The Wash was a gleam on the north-west horizon, the wooded Sandringham estate stretching out before it. It had been hidden by darkness on their two previous flights, but now Harry cast a thoughtful eye over it as they angled down towards Slade Hall. Maybe Richthofen would get in some shooting there, who could tell?

But that was in the future; for now, he needed to concentrate on his landing; which would be a good deal easier, now the snow was long gone, than last time he had landed at Slade Hall.


He and Richthofen were chivvied into Lady Jermyn's lair by the housekeeper, and brought tea by a harried housemaid, and waited out the half-hour until the commotion of the arrivals had ceased. And then she swept in and sat down with a thump.

“Yes, yes, it's lovely to see you, dear.” She returned the kiss, and disengaged herself. “Baron!” She held up her hand to be shaken, but it was taken and kissed instead. “Well, that's very gentlemanly of you. It's good to see both of you again. Now, there's no time to spare. We've got a full house and the King is coming over from Sandringham tonight. So, once the accord is signed, there will be no time for chit-chat.”

“A cease-fire,” said Harry wonderingly. “I can still hardly believe it.”

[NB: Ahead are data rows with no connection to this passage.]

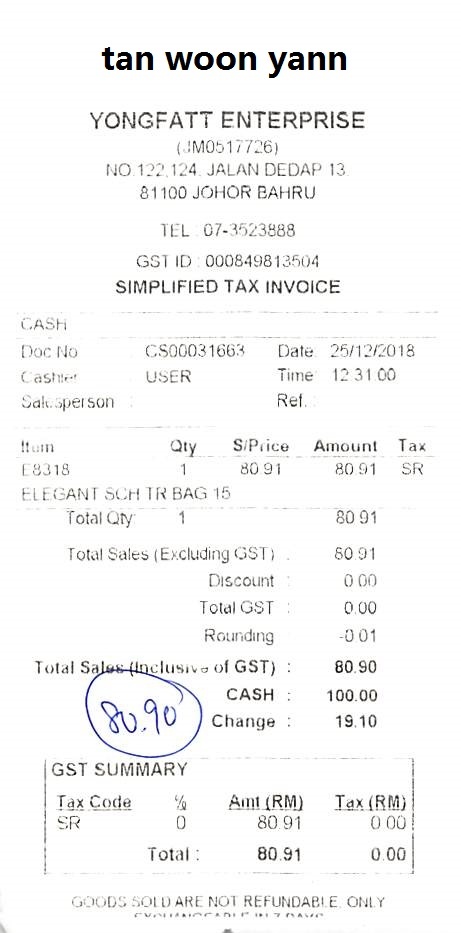
TAN WOON YANN
YONGFATT ENTERPRISE
(JM0517726)
NO 122.124 JALAN DEDAP 13
81100 JOHOR BAHRU
TEL 07-3523888
GST ID: 000849813504
SIMPLIFIED TAX INVOICE
CASH
DOC NO
CS00031663
DATE
25/12/2018
CASHIER
USER
TIME
12 31 00
SALESPERSON
REF.
ITEM
QTY
S/PRICE
AMOUNT
TAX
E8318
1
80.91
80.91
SR
ELEGANT SCHTR BAG 15
TOTAL QTY
1
80.91
TOTAL SALES (EXCLUDING GST) :
80.91
DISCOUNT :
0.00
TOTAL GST :
0.00
ROUNDING
-0.01
TOTAL SALES (INCLUSIVE OF GST) :
80.90
CASH :
100.00
CHANGE :
19.10
GST SUMMARY
TAX CODE
%
AMT (RM)
TAX (RM)
SR
0
80.91
0.00
TOTAL :
80.91
0.00
GOODS SOLD ARE NOT REFUNDABLE ONLY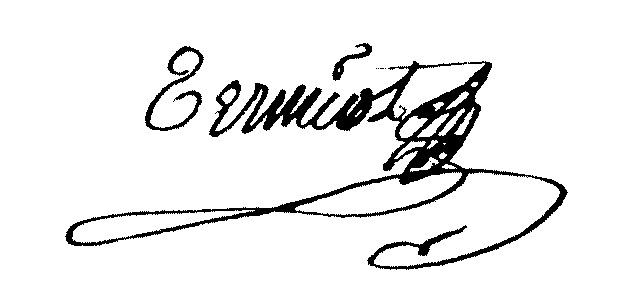
Signature of: joseph germiot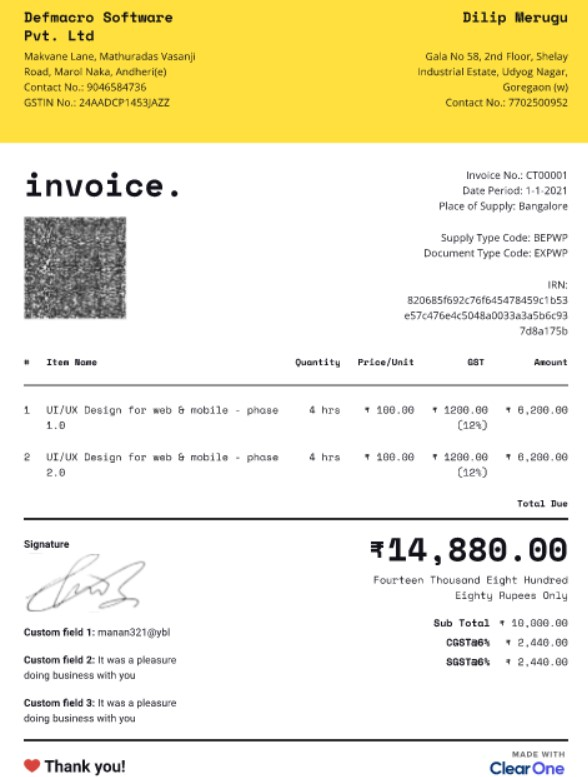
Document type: Invoice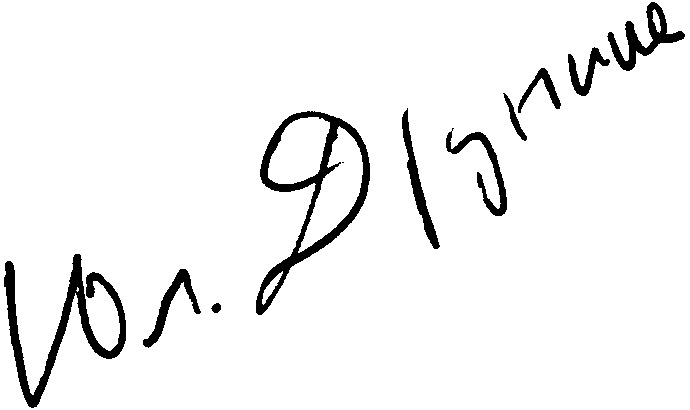
Signature of: yulia drunina
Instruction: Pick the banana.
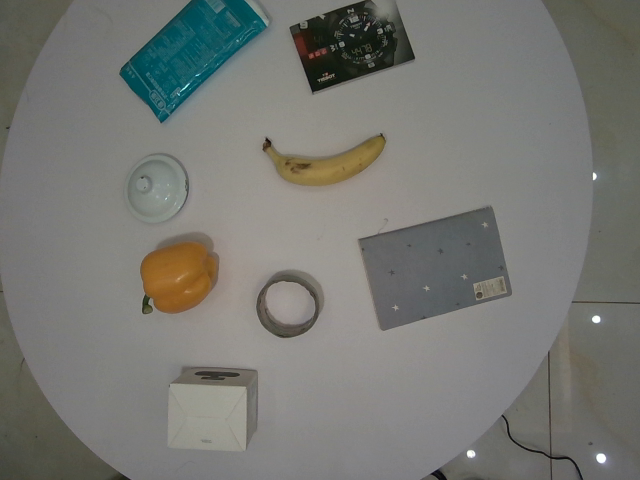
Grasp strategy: vertical
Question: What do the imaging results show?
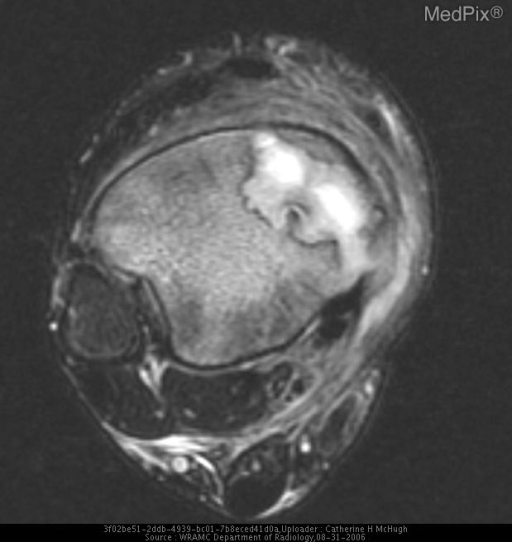
Answer: The imaging shows Figure 1:  Initial anteroposterior (A-P) radiograph of the right distal tibia and fibula 15 months prior to the current presentation showed no evidence of fracture and mild soft tissue swelling around the lateral malleolus.  Incidentally, a lucent lesion with a well defined cortical margin was found along the lateral distal tibia, consistent with a nonossifying fibroma.

Figure 2:  Follow-up A-P radiograph of the right distal tibia and fibula 15 months after the initial injury shows a bilocular lytic lesion of the metaphysis and a unilocular lytic lesion of the epiphysis at the medial aspect of the tibia. The lesions are surrounded by a well defined sclerotic border with benign-appearing periosteal reaction and mild soft tissue swelling medially. The metaphyseal lesions extend across the physis into the epiphysis. There are no fracture lucencies and the joint spaces are maintained.  The nonossifying fibroma of the lateral distal tibia is unchanged.

Figure 3:  A Tc-99m HDP bone scan demonstrates increased radiotracer uptake at the distal tibial meta-epiphysis, most marked on the medial aspect of the epiphysis.

Figure 4:  Axial T1-weighted MR image of right leg reveals multiple well defined low signal intensity masses surrounded by a thick medium intensity rim with a low signal intensity periphery. The tibial metaphyseal component measures 2.1cm longitudinal x 1.6cm transverse x 2.1cm AP.  The epiphyseal component measures 2 cm longitudinal x 2.3cm transverse x 3cm AP.  The inflammatory process extends posteromedially through the cortex of the tibial epiphysis to involve the adjacent soft tissues.

Figure 5:  On axial T2-weighted fat saturated MR image of the right leg, masses become high-signal intensity surrounded by low-signal intensity rims. The high signal-intensity inflammation extends into the adjacent soft tissues. There is a low signal intensity thickening of the soft tissues medially which extends anteriorly to the anterior aspect of the anterior-tibial tendon and posteriorly to the lateral aspect of the tibial tendon, flexor digitorum longus tendon and hallucis longus tendon.  There are non-enhancing foci within the soft tissue consistent with extensive inflammation.

Figure 6:  Axial T1-weighted MR image after contrast demonstrates well defined masses with non-enhancing centers, enhancing thick rim, and non-enhancing periphery.  The non-enhancing central lesions correspond to the low signal intensity centers seen on T1-weighted MR and high signal intensity centers seen on T2-weighted MR, which together is consistent with necrosis. The epiphyseal lesion expands through the anteromedial border of the tibia with extension of the abscess into the adjacent soft tissues.  High-signal-intensity bone marrow edema extends 5.5cm proximally into the distal tibial diaphysis from the site of the lesions. T2-weighted fat saturated MR.

Masses become high-signal intensity surrounded by medium-signal intensity rim amd low-signal intensity periphery. The high signal-intensity inflammation extends into the adjacent soft tissues. There is thickening of the soft tissues medially..

“Believe it. There are men in the park setting up a wireless mast next to the Obelisk. You'll have checked over the tents for the aircraft and your men; the local training camp obliged. Your parents are at the Lord Nelson in the village, Harry. There are people in every corner of the house and even the stables will be full, two to each stall.”

Richthofen seemed to withdraw into himself.

“Yes, you've lost the Tudor suite, I'm afraid: the Crown Prince is going to sleep there! So I've put you two in the Temple of Aeolus. You're important guests, after all, and it seemed the right place for you. It's a little Spartan, but there's a wash-room at the end of the stable-block. It's not too far to walk. Are you agreeable?”

The Temple of Aeolus. Even in the snow it had been charming; now, in the May sunshine -

“I certainly am! We can make ourselves comfortable there easily enough – can't we, Baron?”

“I will be happy to sleep there.”

“Thought so. Well, you know the way. I'll leave you to it. Dinner-gong is at seven-thirty.” She left them, in a renewed flurry of business; the two pilots looked at each other and shouldered their bags.

The Temple, when reached, proved to be a good deal cleaner than when they had last visited it. Someone had been sent to sweep it out, and boards had been removed to reveal a small fireplace, set ready with kindling and the broken-up planks. The windows and, yes, the murals had been cleaned, carefully enough to bring up the colours without doing damage. There were a couple of camp-chairs, and a small table with a lamp on it.

Harry, investigating the upstairs room, found a painted cloud-scape and a circular skylight, which he suspected would leak in wet weather; but he was more interested in the beds set against the walls. Not even Aunt Deb had the sheer nerve to give them a bed to share, but these were sturdy enough to take two at need.

Richthofen followed Harry up the stairs. “This will do, I think,” he said, looking at the surrounding clouds with a slight smile.

Harry dropped his bag at the foot of one of the beds. “Yes,” he said. “This will do.” He turned and crossed the room in a few strides, straight into the Red Baron's embrace.